Вода в стакане была не того цвета, и Марк дал себе восемь секунд, чтобы свалить это на рассвет.
Он поднял стакан к восточному окну. В этот час свет шёл сквозь тополя зелёно-золотой, ложился на всё в кухне — на клеёнку, на нож, на кружку с отбитым краем, которую он всё не убирал с полки. Стекло в руке налилось этим светом и подкрасилось им, и вода внутри взялась той же зеленью. Тополя, значит. Он поставил стакан, не выпив.
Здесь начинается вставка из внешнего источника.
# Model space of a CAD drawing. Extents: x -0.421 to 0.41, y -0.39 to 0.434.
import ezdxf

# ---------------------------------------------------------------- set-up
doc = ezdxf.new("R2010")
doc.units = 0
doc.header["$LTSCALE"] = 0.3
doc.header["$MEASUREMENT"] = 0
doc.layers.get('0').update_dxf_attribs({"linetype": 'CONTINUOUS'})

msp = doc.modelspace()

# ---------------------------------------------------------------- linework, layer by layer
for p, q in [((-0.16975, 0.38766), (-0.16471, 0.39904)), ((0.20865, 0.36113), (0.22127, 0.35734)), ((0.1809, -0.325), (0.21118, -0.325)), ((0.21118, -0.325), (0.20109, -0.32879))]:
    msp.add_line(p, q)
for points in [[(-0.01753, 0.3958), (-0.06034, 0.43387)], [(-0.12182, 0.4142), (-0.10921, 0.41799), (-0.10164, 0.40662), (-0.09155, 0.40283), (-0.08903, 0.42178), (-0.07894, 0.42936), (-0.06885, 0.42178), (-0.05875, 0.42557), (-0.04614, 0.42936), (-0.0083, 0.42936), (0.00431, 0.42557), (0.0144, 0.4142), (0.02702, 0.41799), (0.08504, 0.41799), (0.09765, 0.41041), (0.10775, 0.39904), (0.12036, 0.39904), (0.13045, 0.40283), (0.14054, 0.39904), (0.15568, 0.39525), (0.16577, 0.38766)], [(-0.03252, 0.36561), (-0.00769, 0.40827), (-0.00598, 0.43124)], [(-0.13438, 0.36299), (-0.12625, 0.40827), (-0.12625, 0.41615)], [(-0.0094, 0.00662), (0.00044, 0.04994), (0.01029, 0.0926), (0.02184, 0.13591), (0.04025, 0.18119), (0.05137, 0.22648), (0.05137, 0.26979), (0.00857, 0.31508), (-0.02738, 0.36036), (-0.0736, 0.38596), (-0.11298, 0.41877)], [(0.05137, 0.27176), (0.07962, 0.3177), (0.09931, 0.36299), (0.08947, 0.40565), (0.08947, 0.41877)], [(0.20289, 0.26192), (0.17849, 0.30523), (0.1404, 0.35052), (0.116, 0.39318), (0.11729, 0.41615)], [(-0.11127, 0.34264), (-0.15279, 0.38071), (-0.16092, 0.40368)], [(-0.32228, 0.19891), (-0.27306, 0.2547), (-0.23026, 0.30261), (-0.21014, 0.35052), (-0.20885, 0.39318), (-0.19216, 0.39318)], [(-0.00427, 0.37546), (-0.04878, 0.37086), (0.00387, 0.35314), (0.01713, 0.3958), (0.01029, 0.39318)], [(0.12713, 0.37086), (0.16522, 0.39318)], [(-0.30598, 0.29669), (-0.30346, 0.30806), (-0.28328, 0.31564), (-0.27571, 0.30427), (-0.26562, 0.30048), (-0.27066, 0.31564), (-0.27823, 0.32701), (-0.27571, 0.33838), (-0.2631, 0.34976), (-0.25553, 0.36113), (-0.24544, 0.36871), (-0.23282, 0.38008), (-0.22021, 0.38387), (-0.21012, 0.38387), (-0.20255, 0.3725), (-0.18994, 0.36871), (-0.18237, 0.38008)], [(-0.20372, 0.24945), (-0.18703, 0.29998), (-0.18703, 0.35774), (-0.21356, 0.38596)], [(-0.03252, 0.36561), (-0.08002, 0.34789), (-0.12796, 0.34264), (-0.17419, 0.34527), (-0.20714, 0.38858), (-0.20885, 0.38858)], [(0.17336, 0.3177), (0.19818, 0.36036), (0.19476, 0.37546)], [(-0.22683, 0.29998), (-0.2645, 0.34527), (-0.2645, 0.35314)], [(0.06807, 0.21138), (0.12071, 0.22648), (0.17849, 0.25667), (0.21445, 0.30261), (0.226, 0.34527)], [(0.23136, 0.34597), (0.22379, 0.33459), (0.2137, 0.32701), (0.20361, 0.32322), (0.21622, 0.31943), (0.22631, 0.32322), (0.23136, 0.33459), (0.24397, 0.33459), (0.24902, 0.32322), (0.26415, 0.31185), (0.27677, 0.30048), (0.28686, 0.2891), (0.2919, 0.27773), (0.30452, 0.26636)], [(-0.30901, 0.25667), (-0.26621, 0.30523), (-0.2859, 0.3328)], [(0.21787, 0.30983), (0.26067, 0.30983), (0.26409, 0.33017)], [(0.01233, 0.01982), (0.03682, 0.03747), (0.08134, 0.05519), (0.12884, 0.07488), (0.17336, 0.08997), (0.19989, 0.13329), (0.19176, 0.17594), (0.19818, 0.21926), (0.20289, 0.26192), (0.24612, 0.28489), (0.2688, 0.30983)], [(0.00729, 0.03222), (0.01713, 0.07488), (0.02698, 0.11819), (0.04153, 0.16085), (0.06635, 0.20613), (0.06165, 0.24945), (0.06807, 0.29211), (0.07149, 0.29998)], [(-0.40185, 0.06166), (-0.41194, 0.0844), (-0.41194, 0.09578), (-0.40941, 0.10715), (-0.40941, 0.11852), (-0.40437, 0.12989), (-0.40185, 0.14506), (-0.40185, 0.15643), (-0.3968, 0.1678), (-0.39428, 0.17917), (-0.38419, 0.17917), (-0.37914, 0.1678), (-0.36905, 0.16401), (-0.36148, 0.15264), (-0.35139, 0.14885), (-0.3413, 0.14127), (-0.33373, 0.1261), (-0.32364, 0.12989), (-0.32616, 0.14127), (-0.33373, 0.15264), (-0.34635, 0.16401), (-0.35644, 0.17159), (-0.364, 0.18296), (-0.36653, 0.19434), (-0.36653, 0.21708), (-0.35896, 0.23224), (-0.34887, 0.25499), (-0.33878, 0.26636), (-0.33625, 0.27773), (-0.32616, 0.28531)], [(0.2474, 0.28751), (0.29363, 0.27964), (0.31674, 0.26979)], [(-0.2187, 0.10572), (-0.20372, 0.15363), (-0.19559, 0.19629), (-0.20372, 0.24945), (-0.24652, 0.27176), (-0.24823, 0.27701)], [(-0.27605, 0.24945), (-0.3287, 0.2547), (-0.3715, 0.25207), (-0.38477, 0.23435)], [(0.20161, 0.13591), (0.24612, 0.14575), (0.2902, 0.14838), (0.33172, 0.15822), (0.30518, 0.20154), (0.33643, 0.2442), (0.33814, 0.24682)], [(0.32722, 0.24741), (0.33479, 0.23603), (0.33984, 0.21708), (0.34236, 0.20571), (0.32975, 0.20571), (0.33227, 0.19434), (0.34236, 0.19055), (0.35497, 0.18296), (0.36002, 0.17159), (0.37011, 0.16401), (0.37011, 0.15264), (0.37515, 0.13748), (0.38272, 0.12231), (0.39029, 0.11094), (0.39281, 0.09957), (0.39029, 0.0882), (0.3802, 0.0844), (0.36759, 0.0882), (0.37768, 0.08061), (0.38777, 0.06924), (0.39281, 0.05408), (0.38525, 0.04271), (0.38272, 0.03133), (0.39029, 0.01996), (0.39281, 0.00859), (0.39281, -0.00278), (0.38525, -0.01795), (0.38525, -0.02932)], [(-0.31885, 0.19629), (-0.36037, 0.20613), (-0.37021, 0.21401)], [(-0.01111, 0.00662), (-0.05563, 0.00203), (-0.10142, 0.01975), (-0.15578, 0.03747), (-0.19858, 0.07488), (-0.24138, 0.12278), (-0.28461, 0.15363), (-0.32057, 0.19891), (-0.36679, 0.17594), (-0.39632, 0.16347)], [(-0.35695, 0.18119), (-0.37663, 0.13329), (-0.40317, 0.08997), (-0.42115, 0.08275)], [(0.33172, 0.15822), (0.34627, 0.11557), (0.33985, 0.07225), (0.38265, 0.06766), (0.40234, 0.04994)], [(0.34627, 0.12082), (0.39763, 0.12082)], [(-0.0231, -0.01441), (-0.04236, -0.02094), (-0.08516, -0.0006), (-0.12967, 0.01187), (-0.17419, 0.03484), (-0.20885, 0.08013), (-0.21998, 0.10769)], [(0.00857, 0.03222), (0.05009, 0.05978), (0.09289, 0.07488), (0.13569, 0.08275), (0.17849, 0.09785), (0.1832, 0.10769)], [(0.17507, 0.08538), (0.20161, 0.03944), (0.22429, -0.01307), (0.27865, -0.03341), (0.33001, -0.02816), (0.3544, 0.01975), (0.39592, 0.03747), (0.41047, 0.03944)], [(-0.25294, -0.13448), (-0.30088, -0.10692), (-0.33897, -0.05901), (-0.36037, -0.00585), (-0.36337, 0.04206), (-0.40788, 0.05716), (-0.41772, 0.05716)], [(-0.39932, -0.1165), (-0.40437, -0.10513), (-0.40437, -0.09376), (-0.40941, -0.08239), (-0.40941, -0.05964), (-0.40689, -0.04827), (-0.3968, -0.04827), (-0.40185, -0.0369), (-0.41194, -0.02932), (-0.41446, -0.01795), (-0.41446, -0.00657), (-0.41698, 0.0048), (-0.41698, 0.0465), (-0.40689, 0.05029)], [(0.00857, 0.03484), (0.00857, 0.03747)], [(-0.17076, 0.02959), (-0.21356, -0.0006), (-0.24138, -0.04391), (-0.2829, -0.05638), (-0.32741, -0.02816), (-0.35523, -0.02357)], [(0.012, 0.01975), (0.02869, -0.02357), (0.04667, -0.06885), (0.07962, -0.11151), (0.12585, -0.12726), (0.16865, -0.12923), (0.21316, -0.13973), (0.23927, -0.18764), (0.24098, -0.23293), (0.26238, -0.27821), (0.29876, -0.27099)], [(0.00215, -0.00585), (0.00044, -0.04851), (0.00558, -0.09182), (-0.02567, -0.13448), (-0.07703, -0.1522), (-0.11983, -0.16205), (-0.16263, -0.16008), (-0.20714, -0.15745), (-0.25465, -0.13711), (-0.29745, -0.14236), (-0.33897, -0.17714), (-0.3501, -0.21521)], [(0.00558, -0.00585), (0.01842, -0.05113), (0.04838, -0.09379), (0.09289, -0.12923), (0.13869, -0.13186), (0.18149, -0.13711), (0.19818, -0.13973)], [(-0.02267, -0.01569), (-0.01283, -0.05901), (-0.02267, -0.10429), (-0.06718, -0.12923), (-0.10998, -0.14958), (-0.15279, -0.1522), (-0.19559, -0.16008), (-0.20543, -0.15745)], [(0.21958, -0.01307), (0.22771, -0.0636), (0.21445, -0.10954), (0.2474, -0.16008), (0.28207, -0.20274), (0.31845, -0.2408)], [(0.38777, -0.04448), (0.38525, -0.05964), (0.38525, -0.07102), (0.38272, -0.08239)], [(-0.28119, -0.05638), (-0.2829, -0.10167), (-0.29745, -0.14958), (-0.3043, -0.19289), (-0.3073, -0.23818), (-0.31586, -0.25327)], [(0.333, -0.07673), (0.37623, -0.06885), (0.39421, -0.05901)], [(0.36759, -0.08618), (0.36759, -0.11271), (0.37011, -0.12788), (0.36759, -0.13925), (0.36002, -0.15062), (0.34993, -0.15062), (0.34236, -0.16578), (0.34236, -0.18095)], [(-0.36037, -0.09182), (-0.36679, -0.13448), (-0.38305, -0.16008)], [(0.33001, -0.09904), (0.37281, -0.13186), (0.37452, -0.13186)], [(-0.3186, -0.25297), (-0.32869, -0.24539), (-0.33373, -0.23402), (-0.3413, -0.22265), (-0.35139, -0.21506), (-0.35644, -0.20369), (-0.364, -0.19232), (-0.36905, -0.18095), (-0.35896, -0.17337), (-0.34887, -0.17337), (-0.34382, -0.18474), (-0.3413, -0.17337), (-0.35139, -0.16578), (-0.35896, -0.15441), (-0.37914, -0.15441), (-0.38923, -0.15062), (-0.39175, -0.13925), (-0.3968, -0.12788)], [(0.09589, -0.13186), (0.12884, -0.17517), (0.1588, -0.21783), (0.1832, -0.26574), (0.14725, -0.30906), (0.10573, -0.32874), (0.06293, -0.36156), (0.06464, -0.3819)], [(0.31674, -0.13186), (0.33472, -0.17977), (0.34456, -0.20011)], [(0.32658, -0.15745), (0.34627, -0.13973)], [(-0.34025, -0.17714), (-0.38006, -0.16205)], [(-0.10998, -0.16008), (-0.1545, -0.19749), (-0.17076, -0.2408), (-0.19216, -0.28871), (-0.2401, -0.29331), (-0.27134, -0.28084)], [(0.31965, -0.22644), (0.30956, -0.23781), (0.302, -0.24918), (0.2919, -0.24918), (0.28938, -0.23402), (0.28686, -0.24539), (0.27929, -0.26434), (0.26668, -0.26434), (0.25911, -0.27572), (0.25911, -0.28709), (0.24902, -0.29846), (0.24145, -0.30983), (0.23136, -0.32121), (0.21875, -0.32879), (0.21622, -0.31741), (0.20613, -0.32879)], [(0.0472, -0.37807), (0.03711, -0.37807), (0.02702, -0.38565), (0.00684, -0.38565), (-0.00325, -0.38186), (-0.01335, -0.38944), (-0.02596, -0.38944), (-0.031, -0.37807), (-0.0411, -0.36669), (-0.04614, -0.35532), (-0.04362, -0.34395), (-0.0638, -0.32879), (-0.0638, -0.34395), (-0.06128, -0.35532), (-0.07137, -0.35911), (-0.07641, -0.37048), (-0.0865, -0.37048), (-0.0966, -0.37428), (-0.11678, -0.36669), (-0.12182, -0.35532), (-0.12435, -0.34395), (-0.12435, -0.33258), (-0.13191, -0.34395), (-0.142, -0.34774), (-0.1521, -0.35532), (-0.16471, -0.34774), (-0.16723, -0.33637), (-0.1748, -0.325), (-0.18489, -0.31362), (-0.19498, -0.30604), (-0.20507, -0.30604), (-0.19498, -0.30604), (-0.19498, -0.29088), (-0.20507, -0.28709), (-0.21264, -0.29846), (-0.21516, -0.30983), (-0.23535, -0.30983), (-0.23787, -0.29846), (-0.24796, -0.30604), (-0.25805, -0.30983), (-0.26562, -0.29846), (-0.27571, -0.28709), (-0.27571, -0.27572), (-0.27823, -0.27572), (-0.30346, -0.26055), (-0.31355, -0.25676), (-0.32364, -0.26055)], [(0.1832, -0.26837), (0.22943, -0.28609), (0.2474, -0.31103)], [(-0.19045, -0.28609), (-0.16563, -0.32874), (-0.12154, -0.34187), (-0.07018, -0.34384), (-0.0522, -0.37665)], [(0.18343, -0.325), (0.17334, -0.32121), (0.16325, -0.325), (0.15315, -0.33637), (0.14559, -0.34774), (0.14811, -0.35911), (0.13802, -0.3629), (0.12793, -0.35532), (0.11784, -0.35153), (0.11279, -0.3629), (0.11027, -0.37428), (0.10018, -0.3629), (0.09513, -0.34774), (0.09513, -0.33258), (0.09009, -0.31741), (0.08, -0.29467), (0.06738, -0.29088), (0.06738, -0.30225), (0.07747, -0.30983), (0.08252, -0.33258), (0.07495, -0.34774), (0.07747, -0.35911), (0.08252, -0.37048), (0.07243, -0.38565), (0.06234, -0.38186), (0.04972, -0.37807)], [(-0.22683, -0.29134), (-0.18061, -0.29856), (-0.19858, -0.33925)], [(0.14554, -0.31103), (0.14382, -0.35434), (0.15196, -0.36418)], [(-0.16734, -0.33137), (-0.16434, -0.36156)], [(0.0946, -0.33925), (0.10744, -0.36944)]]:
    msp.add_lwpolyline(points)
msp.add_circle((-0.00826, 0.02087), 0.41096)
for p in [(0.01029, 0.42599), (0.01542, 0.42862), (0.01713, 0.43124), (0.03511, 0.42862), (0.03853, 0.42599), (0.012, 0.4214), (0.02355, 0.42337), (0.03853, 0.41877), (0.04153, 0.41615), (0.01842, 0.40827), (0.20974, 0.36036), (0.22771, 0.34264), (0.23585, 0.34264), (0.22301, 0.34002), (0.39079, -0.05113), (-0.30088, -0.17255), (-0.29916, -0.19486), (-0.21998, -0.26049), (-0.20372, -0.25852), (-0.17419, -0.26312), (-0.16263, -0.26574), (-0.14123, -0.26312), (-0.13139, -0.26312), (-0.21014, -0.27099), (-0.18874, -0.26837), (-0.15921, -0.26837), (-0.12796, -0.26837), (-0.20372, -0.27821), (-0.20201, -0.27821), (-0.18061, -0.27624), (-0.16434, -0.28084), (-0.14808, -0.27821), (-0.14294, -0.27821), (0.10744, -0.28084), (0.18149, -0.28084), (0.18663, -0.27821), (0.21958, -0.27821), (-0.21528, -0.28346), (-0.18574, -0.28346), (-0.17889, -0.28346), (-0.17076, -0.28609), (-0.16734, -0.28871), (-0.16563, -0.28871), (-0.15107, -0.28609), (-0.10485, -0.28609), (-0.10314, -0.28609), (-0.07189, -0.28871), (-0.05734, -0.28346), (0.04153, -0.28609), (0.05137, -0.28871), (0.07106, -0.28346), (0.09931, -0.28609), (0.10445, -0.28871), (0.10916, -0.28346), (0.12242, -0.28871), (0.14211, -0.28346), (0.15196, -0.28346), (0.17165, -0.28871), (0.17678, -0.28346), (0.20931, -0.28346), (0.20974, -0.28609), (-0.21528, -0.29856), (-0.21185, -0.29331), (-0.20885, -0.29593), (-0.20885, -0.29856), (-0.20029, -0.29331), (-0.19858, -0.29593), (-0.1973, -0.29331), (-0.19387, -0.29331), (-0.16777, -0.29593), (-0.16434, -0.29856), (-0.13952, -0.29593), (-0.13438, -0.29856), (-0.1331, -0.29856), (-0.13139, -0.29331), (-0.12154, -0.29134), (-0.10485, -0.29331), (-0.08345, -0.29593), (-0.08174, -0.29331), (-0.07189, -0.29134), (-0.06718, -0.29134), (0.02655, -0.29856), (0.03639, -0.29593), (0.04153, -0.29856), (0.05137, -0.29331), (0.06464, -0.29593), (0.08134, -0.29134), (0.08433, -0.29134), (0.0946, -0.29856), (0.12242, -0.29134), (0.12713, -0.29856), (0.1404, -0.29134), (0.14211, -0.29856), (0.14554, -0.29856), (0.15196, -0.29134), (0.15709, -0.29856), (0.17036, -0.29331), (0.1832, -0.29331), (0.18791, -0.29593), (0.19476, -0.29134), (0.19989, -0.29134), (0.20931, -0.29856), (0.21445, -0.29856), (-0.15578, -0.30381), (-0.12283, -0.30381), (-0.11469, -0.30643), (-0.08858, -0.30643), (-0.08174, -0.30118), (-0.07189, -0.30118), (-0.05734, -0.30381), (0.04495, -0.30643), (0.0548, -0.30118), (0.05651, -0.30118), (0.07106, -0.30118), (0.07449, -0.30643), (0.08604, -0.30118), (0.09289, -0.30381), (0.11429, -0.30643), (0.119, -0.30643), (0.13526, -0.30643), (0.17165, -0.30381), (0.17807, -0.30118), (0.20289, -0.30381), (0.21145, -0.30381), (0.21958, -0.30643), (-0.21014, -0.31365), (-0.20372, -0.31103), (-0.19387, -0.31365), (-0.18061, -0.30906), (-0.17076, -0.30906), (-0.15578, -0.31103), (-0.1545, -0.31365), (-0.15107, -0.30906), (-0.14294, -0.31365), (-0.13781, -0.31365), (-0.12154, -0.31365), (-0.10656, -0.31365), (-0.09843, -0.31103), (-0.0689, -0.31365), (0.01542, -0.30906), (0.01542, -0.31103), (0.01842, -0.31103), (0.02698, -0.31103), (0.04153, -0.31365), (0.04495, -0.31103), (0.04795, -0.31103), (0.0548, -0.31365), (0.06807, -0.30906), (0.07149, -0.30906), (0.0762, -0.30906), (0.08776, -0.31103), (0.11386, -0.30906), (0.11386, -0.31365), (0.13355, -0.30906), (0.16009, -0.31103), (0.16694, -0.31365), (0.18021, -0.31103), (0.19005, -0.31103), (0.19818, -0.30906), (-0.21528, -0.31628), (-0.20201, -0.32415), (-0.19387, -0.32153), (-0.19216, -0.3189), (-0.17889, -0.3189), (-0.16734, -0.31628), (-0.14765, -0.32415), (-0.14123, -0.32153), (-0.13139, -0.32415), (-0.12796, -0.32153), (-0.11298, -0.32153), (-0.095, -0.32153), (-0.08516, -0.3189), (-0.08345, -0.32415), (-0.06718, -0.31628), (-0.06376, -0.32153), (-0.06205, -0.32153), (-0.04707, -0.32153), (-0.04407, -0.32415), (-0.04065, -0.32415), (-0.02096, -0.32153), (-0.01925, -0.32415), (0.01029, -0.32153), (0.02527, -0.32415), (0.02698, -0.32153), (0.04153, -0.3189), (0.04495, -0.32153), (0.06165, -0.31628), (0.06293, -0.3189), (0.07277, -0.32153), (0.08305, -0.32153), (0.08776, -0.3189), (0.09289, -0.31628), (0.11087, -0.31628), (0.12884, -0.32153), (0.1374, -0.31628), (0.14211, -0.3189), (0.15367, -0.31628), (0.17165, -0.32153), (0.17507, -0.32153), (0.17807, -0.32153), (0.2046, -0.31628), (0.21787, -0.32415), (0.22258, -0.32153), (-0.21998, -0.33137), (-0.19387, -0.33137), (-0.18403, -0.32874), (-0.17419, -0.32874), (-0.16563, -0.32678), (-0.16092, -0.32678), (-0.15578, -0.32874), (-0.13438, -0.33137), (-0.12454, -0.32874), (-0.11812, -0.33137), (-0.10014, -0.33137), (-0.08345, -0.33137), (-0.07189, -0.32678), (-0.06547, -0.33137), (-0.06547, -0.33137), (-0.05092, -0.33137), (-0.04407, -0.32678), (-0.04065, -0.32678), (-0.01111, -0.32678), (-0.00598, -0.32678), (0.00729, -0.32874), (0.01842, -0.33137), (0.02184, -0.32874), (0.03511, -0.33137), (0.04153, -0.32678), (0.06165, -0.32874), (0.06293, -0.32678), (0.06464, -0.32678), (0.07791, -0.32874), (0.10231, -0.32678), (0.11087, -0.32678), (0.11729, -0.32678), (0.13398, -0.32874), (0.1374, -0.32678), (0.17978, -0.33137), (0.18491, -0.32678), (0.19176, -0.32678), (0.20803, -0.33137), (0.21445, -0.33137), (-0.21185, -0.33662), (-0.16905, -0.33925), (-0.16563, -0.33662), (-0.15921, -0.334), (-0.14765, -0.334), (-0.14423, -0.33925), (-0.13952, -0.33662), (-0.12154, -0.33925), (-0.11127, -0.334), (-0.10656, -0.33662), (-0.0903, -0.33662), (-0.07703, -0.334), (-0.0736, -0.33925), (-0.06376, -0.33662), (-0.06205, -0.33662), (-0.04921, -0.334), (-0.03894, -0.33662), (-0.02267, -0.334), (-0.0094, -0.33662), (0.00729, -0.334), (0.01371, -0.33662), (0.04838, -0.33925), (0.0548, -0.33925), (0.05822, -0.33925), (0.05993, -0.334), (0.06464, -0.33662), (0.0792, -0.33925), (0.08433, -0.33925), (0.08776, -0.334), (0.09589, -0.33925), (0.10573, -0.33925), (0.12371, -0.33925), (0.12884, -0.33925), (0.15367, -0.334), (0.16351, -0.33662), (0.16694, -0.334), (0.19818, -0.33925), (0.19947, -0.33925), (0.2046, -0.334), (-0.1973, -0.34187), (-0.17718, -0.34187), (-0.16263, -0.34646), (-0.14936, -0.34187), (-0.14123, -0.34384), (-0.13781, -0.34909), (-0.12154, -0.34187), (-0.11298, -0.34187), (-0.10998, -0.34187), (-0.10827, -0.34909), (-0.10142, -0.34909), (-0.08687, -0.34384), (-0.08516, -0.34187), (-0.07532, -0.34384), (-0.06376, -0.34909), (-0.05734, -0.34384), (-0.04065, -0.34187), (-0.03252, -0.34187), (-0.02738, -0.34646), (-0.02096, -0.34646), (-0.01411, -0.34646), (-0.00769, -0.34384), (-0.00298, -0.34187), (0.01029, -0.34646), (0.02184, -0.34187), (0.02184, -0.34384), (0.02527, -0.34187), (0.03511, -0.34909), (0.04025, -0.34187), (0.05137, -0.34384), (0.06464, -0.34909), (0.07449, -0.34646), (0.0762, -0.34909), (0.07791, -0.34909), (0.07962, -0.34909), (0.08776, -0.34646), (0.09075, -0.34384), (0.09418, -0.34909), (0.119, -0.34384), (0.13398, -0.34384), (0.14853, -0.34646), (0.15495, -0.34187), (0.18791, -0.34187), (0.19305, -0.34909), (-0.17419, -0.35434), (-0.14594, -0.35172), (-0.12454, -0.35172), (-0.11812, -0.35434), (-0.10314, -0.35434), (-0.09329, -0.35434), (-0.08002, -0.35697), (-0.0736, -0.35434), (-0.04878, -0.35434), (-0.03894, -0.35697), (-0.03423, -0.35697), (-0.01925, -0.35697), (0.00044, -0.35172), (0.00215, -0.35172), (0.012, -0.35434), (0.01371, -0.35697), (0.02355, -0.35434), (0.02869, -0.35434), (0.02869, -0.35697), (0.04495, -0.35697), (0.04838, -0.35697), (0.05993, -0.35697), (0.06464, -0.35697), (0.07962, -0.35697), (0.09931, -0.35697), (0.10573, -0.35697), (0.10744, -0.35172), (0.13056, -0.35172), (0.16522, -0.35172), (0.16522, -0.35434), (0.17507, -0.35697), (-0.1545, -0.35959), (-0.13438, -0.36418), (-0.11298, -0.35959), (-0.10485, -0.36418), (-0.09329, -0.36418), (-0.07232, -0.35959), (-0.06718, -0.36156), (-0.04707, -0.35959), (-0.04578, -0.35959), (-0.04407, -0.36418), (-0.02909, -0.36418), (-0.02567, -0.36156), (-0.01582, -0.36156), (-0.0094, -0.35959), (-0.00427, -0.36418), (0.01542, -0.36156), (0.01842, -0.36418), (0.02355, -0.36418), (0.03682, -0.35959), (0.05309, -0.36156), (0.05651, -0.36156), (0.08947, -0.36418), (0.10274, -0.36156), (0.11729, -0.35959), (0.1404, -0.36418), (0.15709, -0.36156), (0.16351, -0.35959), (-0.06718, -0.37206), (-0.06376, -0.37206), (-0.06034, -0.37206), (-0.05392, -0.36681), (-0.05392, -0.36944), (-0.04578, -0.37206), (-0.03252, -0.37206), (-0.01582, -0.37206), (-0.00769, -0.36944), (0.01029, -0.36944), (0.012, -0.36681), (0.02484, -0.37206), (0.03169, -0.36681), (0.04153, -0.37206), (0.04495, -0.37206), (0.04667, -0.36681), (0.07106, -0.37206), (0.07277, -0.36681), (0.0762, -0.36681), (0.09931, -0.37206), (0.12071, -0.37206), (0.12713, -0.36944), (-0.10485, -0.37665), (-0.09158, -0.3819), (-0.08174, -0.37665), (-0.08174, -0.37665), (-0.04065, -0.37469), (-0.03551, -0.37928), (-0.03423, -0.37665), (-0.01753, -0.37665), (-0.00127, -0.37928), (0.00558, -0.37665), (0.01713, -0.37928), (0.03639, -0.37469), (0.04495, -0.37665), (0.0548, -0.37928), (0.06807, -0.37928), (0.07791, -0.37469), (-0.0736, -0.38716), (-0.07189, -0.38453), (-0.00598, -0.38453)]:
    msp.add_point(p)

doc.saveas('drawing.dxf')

Проверять он не переставал никогда. Не с тех пор, как слегла Ильза, — раньше, всегда: ремесло. Кто ходит за водой, читает её, как другие читают лицо. Цвет на просвет, взвесь у дна, запах на выдохе после первого глотка, вкус металла или его отсутствие. Вода не спорит и не жалуется. Она находит, где ниже, и уходит туда, и всё, что от человека требуется, — знать её ходы наперёд.
— Опять смотришь в стакан, — сказал Тео от порога. Стоял уже одетый, в свитере на вырост, с рукавами по костяшки.
— Смотрю.
— Что там?
— Свет, — сказал Марк и вылил воду в раковину. — Обувайся.
Насосная стояла в двухстах шагах от дома, у излучины, — бетонный куб, вросший в берег, обжитой Марком плотнее, чем дом. Он отпер, впустил мальчика вперёд, привычно пригнул ему ладонью голову под низкой балкой — рука сама, без мысли, как закрывают за собой дверь. Внутри держался ровный холод труб и запах, который приезжие звали затхлым, а Марк — рабочим: ил, хлор, мокрый металл, что-то ещё, чему не было имени, но чего отсутствие он услышал бы сразу.
Он положил ладонь на подающую нитку. Так он и читал — рукой, не приборами. Насос бил под пальцами ровно, как пульс здорового: сорок в минуту, без сбоя, без каверны, без той дрожи, что означает воздух в системе. Вода шла. Он закрыл глаза и слушал её ход по железу — не ухом, кожей ладони, — и всё стояло на своих местах, как стояло тридцать лет.
— Дай послушать, — Тео подошёл, потянулся к трубе.
Марк подвинулся, освободил ему место на холодном железе.
— Что слышишь?
— Гудит.
— Гудит — это мотор. Ты воду слушай. Под мотором.
Мальчик зажмурился, старательно наморщив лоб — Ильзину складку между бровей, её же, чужую Марку и родную ей. Марк смотрел сверху на это лицо, на скулы не своей крови, и ловил в себе то, что ловил всегда рядом с мальчиком: тепло, к которому тут же приставала обида, как ил пристаёт к решётке, сколько её ни выбирай. Он снял ладонь мальчика с трубы на секунду раньше, чем стоило.
— Ничего я не слышу, — сказал Тео, открывая глаза.
— Научишься. — И, чтобы не тянуть эту нитку дальше: — Или не научишься. Не всем дано.